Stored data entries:
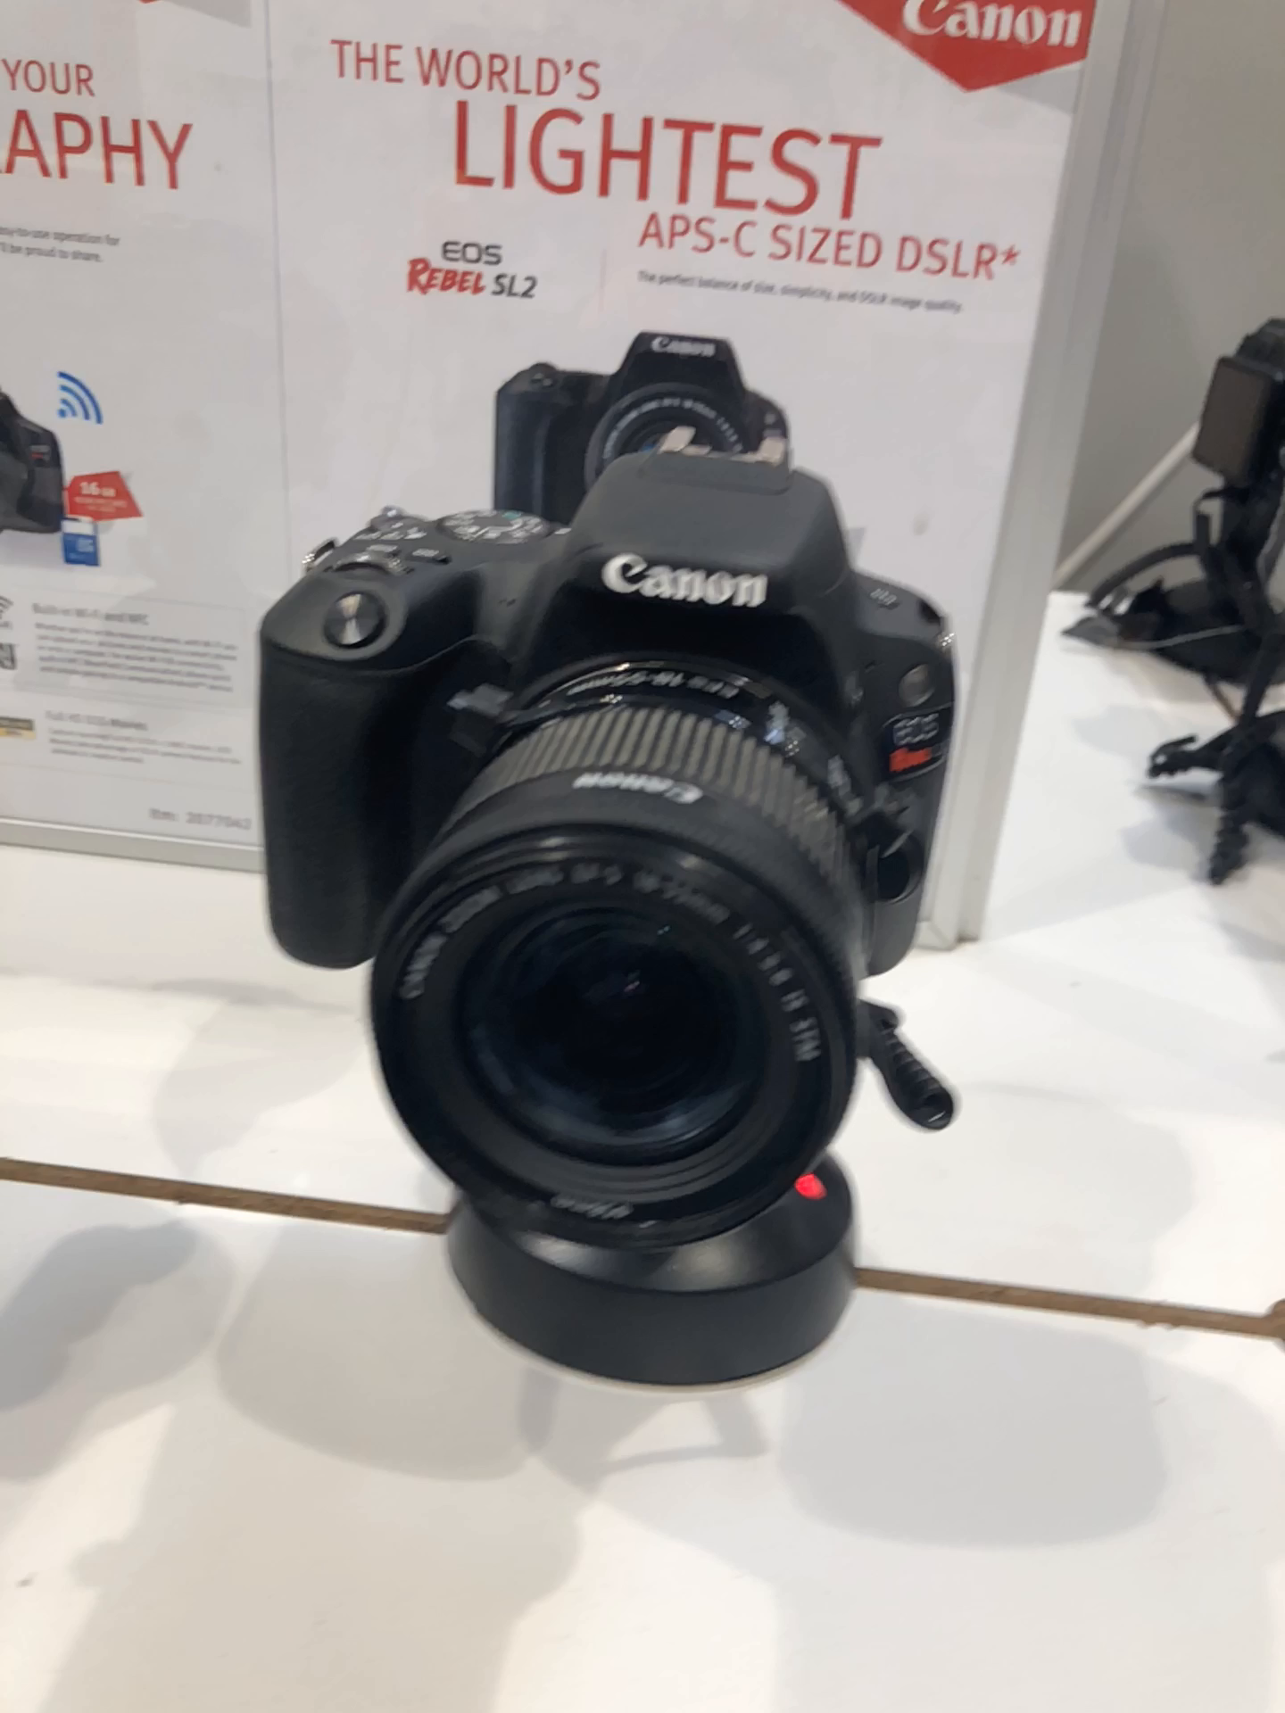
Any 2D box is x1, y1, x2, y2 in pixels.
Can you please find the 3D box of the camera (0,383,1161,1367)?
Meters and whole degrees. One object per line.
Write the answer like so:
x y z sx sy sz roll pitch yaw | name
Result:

◆ YOUR TASK
Could you write the entries out again exactly, without their pictures?

◆ TASK ANSWER
Any 2D box is x1, y1, x2, y2 in pixels.
Can you please find the 3D box of the camera (0,383,1161,1367)?
Meters and whole degrees. One object per line.
Write the answer like so:
x y z sx sy sz roll pitch yaw | name
Result:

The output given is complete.